More specifically, if a person representing themselves is not to be permitted to cross-examine their accuser, then, as stated by former High Court Judge Mark Hedley today on the BBC’s World at One today, they must be provided by the state with an advocate who can do so on their behalf.
Families Need Fathers also propose that anyone found to have deliberately sought to game the system, who makes false allegations to the detriment of ex-partners and their children must be treated every bit as seriously.
It is reported that the Bill also proposes that polygraph tests are to be used. FNF would support the use of such techniques by the court in situations such as pending finding of fact hearings so long as this is done even-handedly. They could be used as a useful initial step to test evidence provided by both sides. Both the alleged victim and alleged perpetrator may be highly vulnerable and both must be treated as such.

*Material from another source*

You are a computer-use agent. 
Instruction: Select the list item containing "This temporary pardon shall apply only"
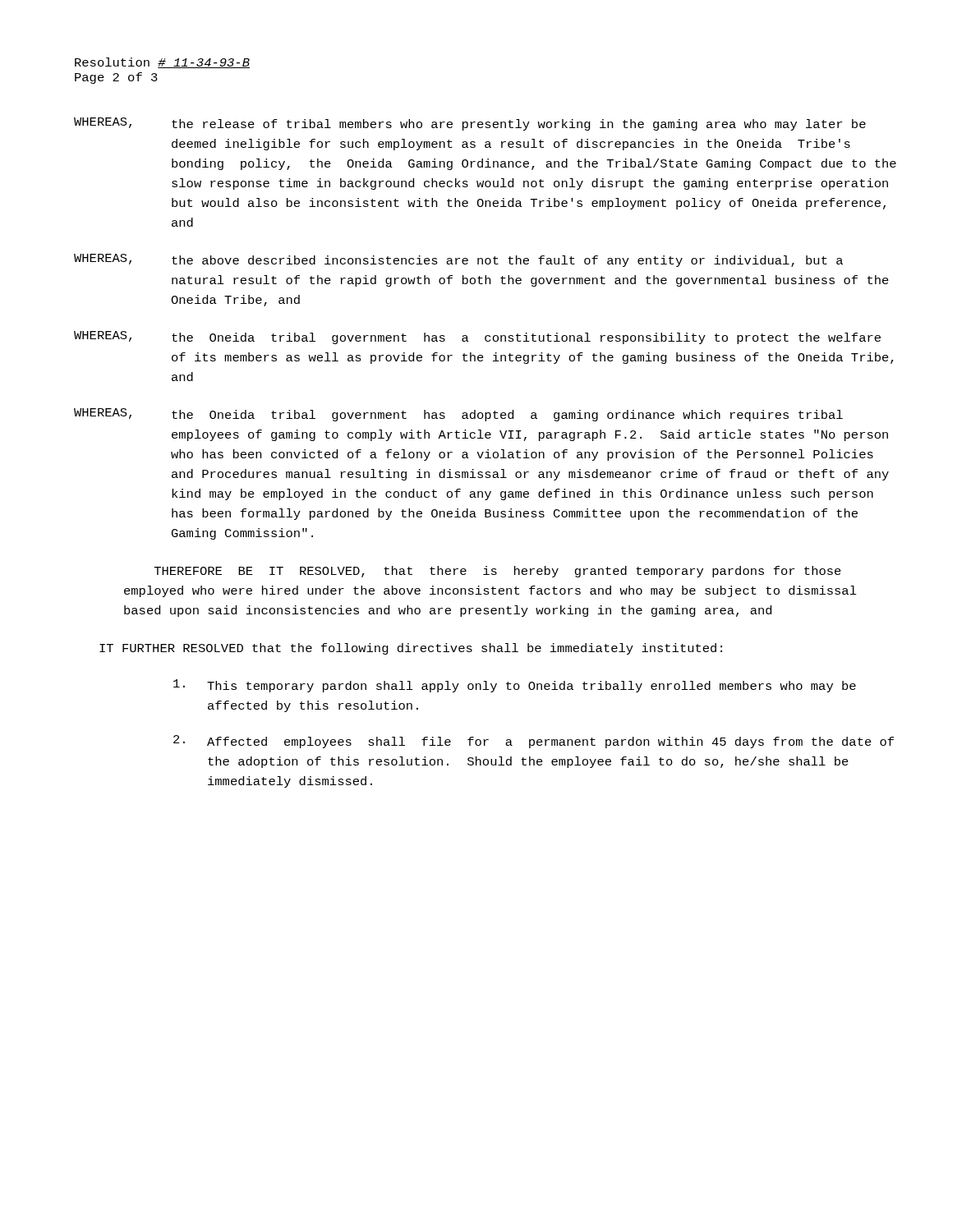click(535, 697)
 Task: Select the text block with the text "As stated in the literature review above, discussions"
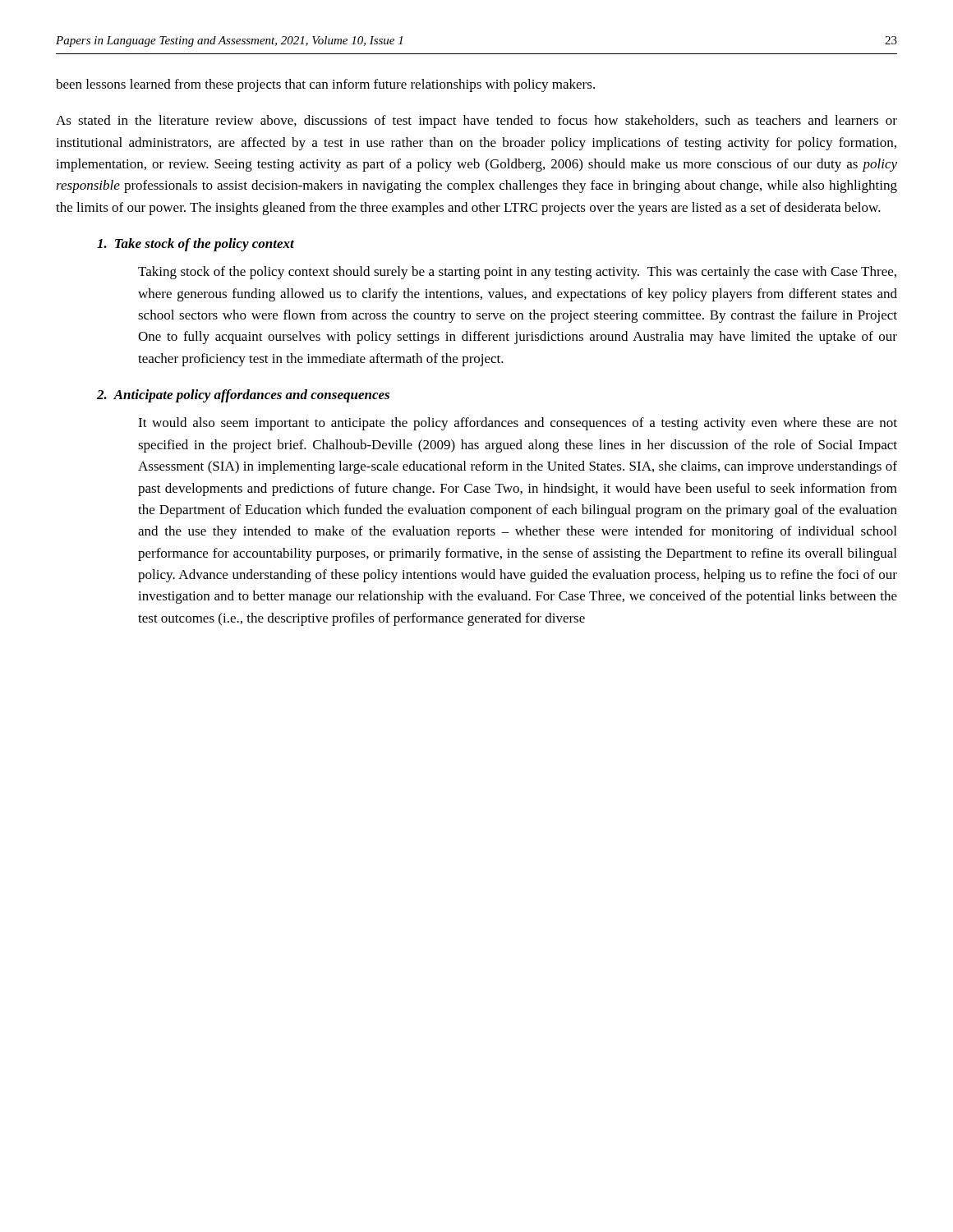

Jerry Karlin, Chair and Managing Trustee of Families Need Fathers says:
“Contact denial, without good reason, especially when supported by unfounded allegations, is coercive abuse as harmful and life-destroying to children and adults and has to be addressed within this package of measures.”
Notes for editors:
Families Need Fathers - because both parents matter
FNF is a registered UK charity providing information and support on shared parenting issues arising from family breakdown, and support to divorced and separated parents, irrespective of gender or marital status. FNF is NOT a fathers' rights group - we support the best interests of children - namely mature and collaborative parenting by both parents - an objective which is inadequately promoted in the family court system and associated services.
Our primary concern is the maintenance of the child’s meaningful relationship with both parents. Founded in 1974, FNF helps thousands of parents every year.